CUKUROVA FINANCE INTERNATIONAL LTD V ALFA TELECOM TURKEY LTD (BRITISH VIRGIN ISLANDS)

[2009] UKPC 19, Privy Council, Lord Hope of Craighead, Lord Scott of Foscote, Lord Walker of Gestingthorpe, Baroness Hale of Richmond and Lord Mance, 5 May 2009

Remedies – Appropriation – Equitable mortgages – Whether appropriation remedy had been validly exercised – European Directive 2002/47/EC on financial collateral arrangements – Financial Collateral Arrangements (No 2) Regulations 2003 (SI 2003/3226)

Shares in two companies, one of which was the first claimant and both of which were incorporated in the British Virgin Islands, were provided as security under two sets of equitable mortgages. One set of equitable mortgages were governed by BVI law and the other set governed by English law. The background was that one party had defaulted on the loan and the other had purported to appropriate the shares serving as security by serving stop notices directing that no transfers in the shares could be registered and that no payments of dividends could be made. This was an appeal to the Privy Council of a decision on preliminary issues from the Court of Appeal of the British Virgin Islands. The issue at hand was how the rules of English law relating to equitable mortgages of shares had been affected by European Directive 2002/47/EC on financial collateral arrangements and whether the remedy of appropriation had been validly exercised, although the mortgagor had not obtained registration of the shares. The Privy Council held that a valid appropriation had been effected, holding inter alia as follows. The UK Treasury, in introducing the Statutory Instrument (2003/3226) which transposed Directive 2002/47 into UK law, appeared to have thought that appropriation was already a familiar remedy in the United Kingdom, so that it was not necessary to define it of give any detailed guidance as to how a power of appropriation was to be exercised. Their Lordships agreed with the sentiments expressed in the leading speech in the Court of Appeal that the need for an autonomous Community interpretation appropriation did not by necessity entail uniformity throughout the Community.
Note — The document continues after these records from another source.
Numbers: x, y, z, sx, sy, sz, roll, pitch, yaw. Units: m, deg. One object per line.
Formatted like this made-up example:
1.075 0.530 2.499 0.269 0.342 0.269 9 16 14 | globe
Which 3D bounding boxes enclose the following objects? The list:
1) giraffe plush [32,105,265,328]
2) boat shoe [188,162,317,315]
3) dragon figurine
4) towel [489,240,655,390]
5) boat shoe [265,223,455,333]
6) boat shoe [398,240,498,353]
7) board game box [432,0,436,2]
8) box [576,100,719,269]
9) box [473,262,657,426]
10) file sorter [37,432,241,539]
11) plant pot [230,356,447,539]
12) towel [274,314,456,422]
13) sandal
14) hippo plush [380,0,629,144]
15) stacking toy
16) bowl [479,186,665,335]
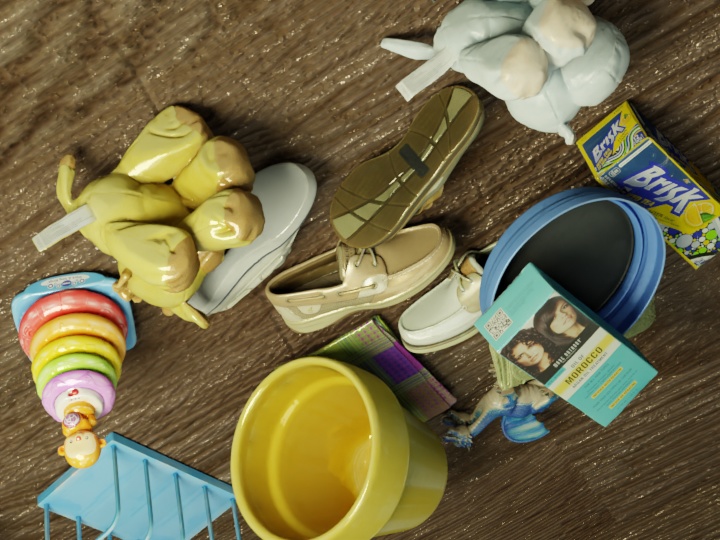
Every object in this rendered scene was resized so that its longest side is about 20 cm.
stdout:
-0.179 -0.026 1.169 0.199 0.173 0.162 -18 150 0 | giraffe plush
-0.102 -0.028 1.248 0.200 0.071 0.070 -49 154 23 | boat shoe
0.193 0.162 1.505 0.199 0.059 0.100 -3 133 -12 | dragon figurine
0.222 0.037 1.338 0.199 0.037 0.149 -22 131 -13 | towel
0.000 0.000 1.289 0.199 0.072 0.065 -26 135 11 | boat shoe
0.123 0.012 1.340 0.199 0.075 0.069 -31 133 -1 | boat shoe
0.101 -0.325 1.039 0.199 0.028 0.135 -33 133 15 | board game box
0.309 -0.085 1.301 0.070 0.065 0.200 -40 131 21 | box
0.205 0.076 1.247 0.082 0.049 0.200 -48 131 10 | box
-0.250 0.306 1.474 0.139 0.123 0.200 -40 131 22 | file sorter
-0.008 0.209 1.385 0.200 0.202 0.188 -39 146 21 | plant pot
0.009 0.136 1.456 0.143 0.023 0.200 -31 132 14 | towel
0.052 -0.093 1.225 0.200 0.081 0.054 -46 149 21 | sandal
0.155 -0.173 1.107 0.200 0.160 0.161 -37 131 19 | hippo plush
-0.272 0.107 1.224 0.115 0.201 0.110 -9 135 -6 | stacking toy
0.207 0.007 1.258 0.199 0.039 0.202 -14 128 -19 | bowl
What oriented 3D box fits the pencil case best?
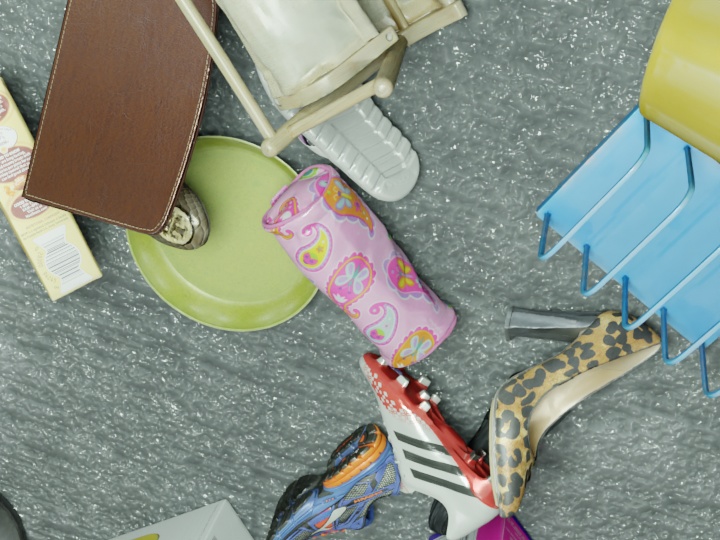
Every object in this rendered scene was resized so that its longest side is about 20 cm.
[{"bbox_3d":[0.000,0.000,1.022,0.087,0.087,0.200,-29,119,24],"label":"pencil case"}]

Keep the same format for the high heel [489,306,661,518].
[{"bbox_3d":[0.190,0.125,1.007,0.142,0.200,0.071,4,156,15],"label":"high heel"}]

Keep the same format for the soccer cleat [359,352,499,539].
[{"bbox_3d":[0.054,0.162,1.077,0.085,0.069,0.200,-49,68,15],"label":"soccer cleat"}]

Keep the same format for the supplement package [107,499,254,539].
[{"bbox_3d":[-0.211,0.375,1.236,0.200,0.152,0.151,-23,108,22],"label":"supplement package"}]

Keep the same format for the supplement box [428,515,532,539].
[{"bbox_3d":[0.118,0.341,1.114,0.101,0.200,0.103,-30,106,25],"label":"supplement box"}]

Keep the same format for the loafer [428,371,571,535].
[{"bbox_3d":[0.131,0.189,1.110,0.070,0.068,0.201,33,115,6],"label":"loafer"}]

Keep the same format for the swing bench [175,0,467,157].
[{"bbox_3d":[-0.040,-0.230,0.878,0.130,0.200,0.199,-22,108,32],"label":"swing bench"}]

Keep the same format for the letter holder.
[{"bbox_3d":[-0.174,-0.137,0.950,0.142,0.101,0.200,16,95,19],"label":"letter holder"}]

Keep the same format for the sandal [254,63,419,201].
[{"bbox_3d":[-0.030,-0.139,0.995,0.203,0.082,0.050,52,158,-16],"label":"sandal"}]

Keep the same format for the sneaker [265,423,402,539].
[{"bbox_3d":[-0.027,0.245,1.175,0.078,0.075,0.200,41,119,-12],"label":"sneaker"}]

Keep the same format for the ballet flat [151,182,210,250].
[{"bbox_3d":[-0.221,-0.081,1.042,0.200,0.046,0.067,37,119,15],"label":"ballet flat"}]

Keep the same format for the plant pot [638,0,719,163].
[{"bbox_3d":[0.318,-0.142,0.843,0.189,0.201,0.201,23,120,19],"label":"plant pot"}]

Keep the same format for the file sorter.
[{"bbox_3d":[0.263,-0.013,0.949,0.200,0.123,0.139,38,119,-7],"label":"file sorter"}]

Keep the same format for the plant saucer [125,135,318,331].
[{"bbox_3d":[-0.124,-0.037,1.082,0.200,0.031,0.200,6,117,11],"label":"plant saucer"}]

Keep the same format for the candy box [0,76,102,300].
[{"bbox_3d":[-0.312,-0.080,1.054,0.055,0.115,0.200,-27,110,-14],"label":"candy box"}]

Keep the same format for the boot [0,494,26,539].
[{"bbox_3d":[-0.449,0.283,1.260,0.070,0.132,0.200,-12,112,18],"label":"boot"}]
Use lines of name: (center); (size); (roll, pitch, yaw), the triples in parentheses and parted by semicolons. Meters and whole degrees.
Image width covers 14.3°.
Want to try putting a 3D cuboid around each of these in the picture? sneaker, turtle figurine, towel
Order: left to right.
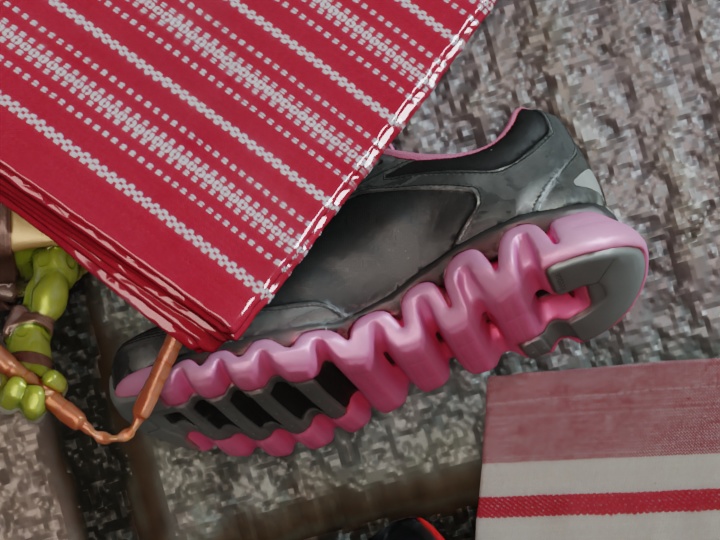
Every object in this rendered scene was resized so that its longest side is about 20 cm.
turtle figurine: (-0.136, -0.029, 1.046); (0.161, 0.064, 0.200); (2, 68, 1)
towel: (-0.052, -0.079, 1.027); (0.145, 0.022, 0.200); (36, 60, 3)
sneaker: (0.000, 0.000, 1.047); (0.200, 0.079, 0.096); (-19, 62, 2)
towel: (0.104, 0.128, 0.999); (0.144, 0.023, 0.200); (-5, 69, 29)

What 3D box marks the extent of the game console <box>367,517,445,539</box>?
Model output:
game console: (-0.013, 0.207, 0.998); (0.200, 0.031, 0.177); (-36, 74, 23)
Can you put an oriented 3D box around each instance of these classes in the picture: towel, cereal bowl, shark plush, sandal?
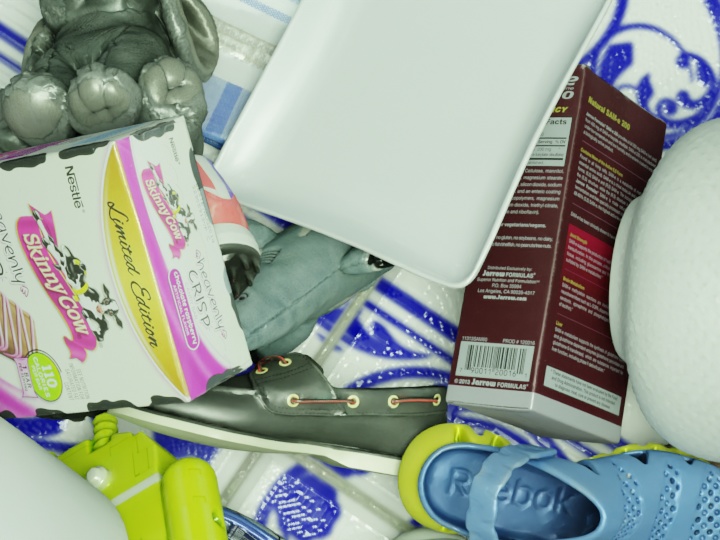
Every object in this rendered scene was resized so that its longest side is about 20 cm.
[{"bbox_3d":[-0.034,-0.158,1.066,0.147,0.024,0.200,25,79,1],"label":"towel"},{"bbox_3d":[0.193,0.009,0.978,0.083,0.200,0.200,5,78,24],"label":"cereal bowl"},{"bbox_3d":[0.000,0.000,1.011,0.200,0.083,0.091,-15,99,-19],"label":"shark plush"},{"bbox_3d":[0.124,0.134,0.953,0.200,0.087,0.080,4,93,-8],"label":"sandal"}]

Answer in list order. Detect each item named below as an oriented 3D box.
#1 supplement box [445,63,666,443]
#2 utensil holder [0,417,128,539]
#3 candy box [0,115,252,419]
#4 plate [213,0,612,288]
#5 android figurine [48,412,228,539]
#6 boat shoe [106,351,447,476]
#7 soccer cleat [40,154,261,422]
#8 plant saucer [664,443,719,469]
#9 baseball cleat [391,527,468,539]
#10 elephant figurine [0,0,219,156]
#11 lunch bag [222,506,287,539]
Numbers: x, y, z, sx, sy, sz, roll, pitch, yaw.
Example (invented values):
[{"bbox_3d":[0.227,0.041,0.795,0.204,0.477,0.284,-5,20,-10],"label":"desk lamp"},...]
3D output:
[{"bbox_3d":[0.117,-0.008,1.003,0.061,0.109,0.200,3,76,37],"label":"supplement box"},{"bbox_3d":[-0.235,0.131,0.854,0.170,0.200,0.170,-21,48,26],"label":"utensil holder"},{"bbox_3d":[-0.166,0.005,0.900,0.200,0.061,0.136,-9,102,33],"label":"candy box"},{"bbox_3d":[0.031,-0.101,0.994,0.200,0.032,0.200,21,81,36],"label":"plate"},{"bbox_3d":[-0.148,0.166,0.937,0.182,0.041,0.200,-30,44,18],"label":"android figurine"},{"bbox_3d":[-0.044,0.078,0.986,0.201,0.074,0.063,10,85,-19],"label":"boat shoe"},{"bbox_3d":[-0.129,0.016,0.969,0.068,0.200,0.073,7,52,-41],"label":"soccer cleat"},{"bbox_3d":[0.211,0.199,1.017,0.200,0.034,0.200,1,79,-4],"label":"plant saucer"},{"bbox_3d":[0.093,0.202,0.951,0.200,0.106,0.070,14,100,21],"label":"baseball cleat"},{"bbox_3d":[-0.143,-0.136,0.997,0.141,0.155,0.200,12,49,-20],"label":"elephant figurine"},{"bbox_3d":[-0.078,0.237,0.968,0.160,0.076,0.200,36,80,0],"label":"lunch bag"}]
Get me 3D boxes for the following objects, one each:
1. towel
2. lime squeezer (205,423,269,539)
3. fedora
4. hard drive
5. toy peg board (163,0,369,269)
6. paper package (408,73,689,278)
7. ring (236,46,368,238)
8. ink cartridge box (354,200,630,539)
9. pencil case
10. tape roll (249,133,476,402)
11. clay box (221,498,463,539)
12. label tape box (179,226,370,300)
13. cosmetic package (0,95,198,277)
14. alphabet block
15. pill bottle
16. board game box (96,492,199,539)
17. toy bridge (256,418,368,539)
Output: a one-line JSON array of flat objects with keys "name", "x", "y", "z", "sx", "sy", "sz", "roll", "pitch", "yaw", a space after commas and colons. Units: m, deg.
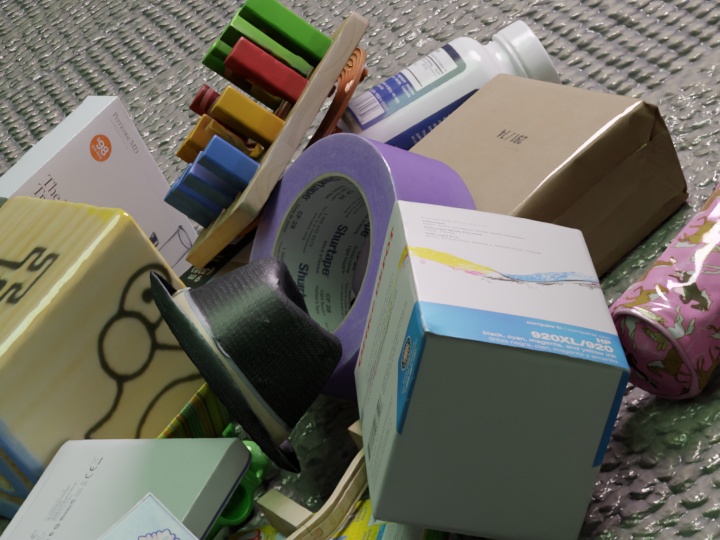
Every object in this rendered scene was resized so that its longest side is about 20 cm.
[{"name": "towel", "x": -0.166, "y": 0.159, "z": 1.686, "sx": 0.018, "sy": 0.086, "sz": 0.200, "roll": 35, "pitch": 71, "yaw": 20}, {"name": "lime squeezer", "x": -0.108, "y": 0.169, "z": 1.677, "sx": 0.070, "sy": 0.038, "sz": 0.201, "roll": -17, "pitch": 31, "yaw": 24}, {"name": "fedora", "x": -0.070, "y": 0.053, "z": 1.579, "sx": 0.091, "sy": 0.201, "sz": 0.201, "roll": -36, "pitch": 27, "yaw": 0}, {"name": "hard drive", "x": -0.180, "y": 0.179, "z": 1.579, "sx": 0.199, "sy": 0.025, "sz": 0.132, "roll": -5, "pitch": 43, "yaw": 45}, {"name": "toy peg board", "x": -0.105, "y": -0.128, "z": 1.837, "sx": 0.200, "sy": 0.097, "sz": 0.200, "roll": -60, "pitch": 8, "yaw": -20}, {"name": "paper package", "x": 0.130, "y": -0.060, "z": 1.764, "sx": 0.190, "sy": 0.104, "sz": 0.199, "roll": -40, "pitch": 29, "yaw": -20}, {"name": "ring", "x": -0.053, "y": -0.109, "z": 1.899, "sx": 0.201, "sy": 0.019, "sz": 0.201, "roll": -51, "pitch": 15, "yaw": 19}, {"name": "ink cartridge box", "x": 0.084, "y": 0.067, "z": 1.491, "sx": 0.143, "sy": 0.148, "sz": 0.200, "roll": 9, "pitch": 27, "yaw": -9}, {"name": "pencil case", "x": 0.254, "y": 0.003, "z": 1.557, "sx": 0.086, "sy": 0.083, "sz": 0.200, "roll": 3, "pitch": 42, "yaw": 48}, {"name": "tape roll", "x": 0.000, "y": 0.000, "z": 1.691, "sx": 0.199, "sy": 0.084, "sz": 0.202, "roll": -23, "pitch": 60, "yaw": 48}, {"name": "clay box", "x": -0.032, "y": 0.219, "z": 1.506, "sx": 0.199, "sy": 0.048, "sz": 0.115, "roll": -18, "pitch": 28, "yaw": 25}, {"name": "label tape box", "x": -0.090, "y": 0.023, "z": 1.880, "sx": 0.200, "sy": 0.064, "sz": 0.144, "roll": -43, "pitch": 29, "yaw": -26}, {"name": "cosmetic package", "x": -0.234, "y": -0.033, "z": 1.964, "sx": 0.051, "sy": 0.201, "sz": 0.151, "roll": 3, "pitch": 42, "yaw": 45}, {"name": "alphabet block", "x": -0.250, "y": 0.079, "z": 1.778, "sx": 0.196, "sy": 0.196, "sz": 0.200, "roll": 10, "pitch": 52, "yaw": 50}, {"name": "pill bottle", "x": 0.078, "y": -0.137, "z": 1.937, "sx": 0.199, "sy": 0.112, "sz": 0.111, "roll": -31, "pitch": 27, "yaw": -2}, {"name": "board game box", "x": -0.141, "y": 0.278, "z": 1.405, "sx": 0.200, "sy": 0.041, "sz": 0.199, "roll": -40, "pitch": 66, "yaw": -21}, {"name": "toy bridge", "x": -0.046, "y": 0.175, "z": 1.514, "sx": 0.200, "sy": 0.027, "sz": 0.067, "roll": -39, "pitch": 27, "yaw": -17}]
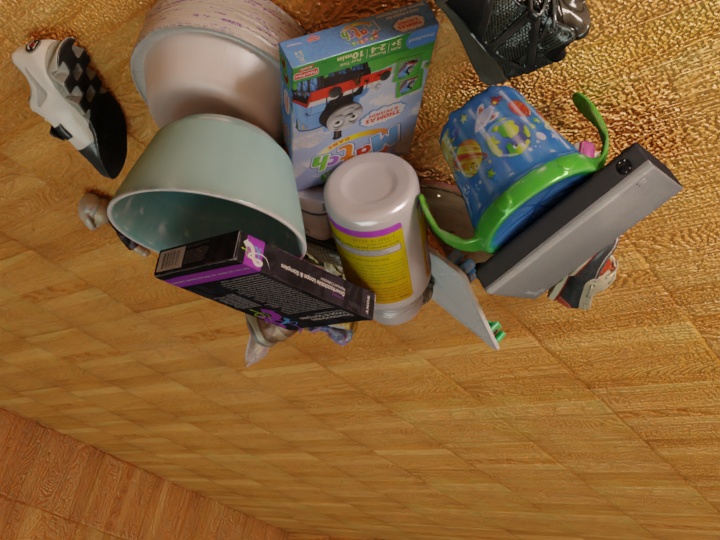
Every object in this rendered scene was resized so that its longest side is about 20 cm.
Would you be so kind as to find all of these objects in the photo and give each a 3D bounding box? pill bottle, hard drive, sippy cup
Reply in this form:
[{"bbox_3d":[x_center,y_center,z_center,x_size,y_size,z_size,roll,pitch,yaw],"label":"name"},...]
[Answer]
[{"bbox_3d":[0.025,-0.027,0.882,0.103,0.105,0.201,5,141,16],"label":"pill bottle"},{"bbox_3d":[0.225,-0.043,0.804,0.200,0.033,0.139,-41,156,25],"label":"hard drive"},{"bbox_3d":[0.149,-0.108,0.789,0.176,0.131,0.140,-19,156,-28],"label":"sippy cup"}]

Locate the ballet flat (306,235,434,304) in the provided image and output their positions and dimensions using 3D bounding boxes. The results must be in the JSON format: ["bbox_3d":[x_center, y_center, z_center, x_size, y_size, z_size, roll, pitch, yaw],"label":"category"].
[{"bbox_3d":[0.000,0.000,1.009,0.197,0.047,0.067,22,-167,-6],"label":"ballet flat"}]

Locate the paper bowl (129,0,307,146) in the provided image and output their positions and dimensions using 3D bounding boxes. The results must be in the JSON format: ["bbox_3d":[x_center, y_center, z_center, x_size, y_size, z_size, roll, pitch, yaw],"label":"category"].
[{"bbox_3d":[-0.145,-0.191,0.829,0.197,0.106,0.202,10,152,5],"label":"paper bowl"}]

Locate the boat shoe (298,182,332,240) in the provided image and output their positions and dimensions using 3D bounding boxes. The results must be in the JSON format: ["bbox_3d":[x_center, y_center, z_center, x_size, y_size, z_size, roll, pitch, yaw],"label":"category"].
[{"bbox_3d":[-0.112,-0.093,0.919,0.199,0.073,0.066,30,130,30],"label":"boat shoe"}]

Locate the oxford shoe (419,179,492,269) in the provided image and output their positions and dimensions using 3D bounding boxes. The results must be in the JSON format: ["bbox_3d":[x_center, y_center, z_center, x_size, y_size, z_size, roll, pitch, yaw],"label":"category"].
[{"bbox_3d":[0.129,-0.044,0.996,0.199,0.075,0.070,32,147,-30],"label":"oxford shoe"}]

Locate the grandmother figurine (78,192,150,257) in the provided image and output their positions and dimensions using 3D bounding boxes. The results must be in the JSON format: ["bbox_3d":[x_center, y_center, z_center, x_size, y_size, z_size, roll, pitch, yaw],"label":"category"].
[{"bbox_3d":[-0.335,-0.070,1.192,0.197,0.061,0.123,17,125,1],"label":"grandmother figurine"}]

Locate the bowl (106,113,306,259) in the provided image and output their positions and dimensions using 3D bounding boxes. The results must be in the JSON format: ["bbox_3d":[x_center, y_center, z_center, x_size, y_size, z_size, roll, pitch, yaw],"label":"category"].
[{"bbox_3d":[-0.143,-0.083,0.790,0.197,0.107,0.201,8,161,3],"label":"bowl"}]

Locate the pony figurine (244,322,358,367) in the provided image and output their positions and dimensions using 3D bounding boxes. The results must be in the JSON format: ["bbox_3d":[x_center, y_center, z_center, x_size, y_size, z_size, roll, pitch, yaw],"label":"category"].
[{"bbox_3d":[-0.102,0.053,1.232,0.197,0.167,0.196,12,120,10],"label":"pony figurine"}]

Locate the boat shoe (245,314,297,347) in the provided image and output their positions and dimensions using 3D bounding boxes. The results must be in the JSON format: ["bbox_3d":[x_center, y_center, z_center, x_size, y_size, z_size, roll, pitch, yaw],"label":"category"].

They went on to describe appropriation as being much closer to sale than to foreclosure, saying that it is in effect a sale by the collateral-taker to himself, at a price determined by an agreed valuation process. The Court of Appeal had been right in adopting a pragmatic interpretation and in concluding that it was not necessary for a valid appropriation for the collateral-taker to become the registered holder of the shares.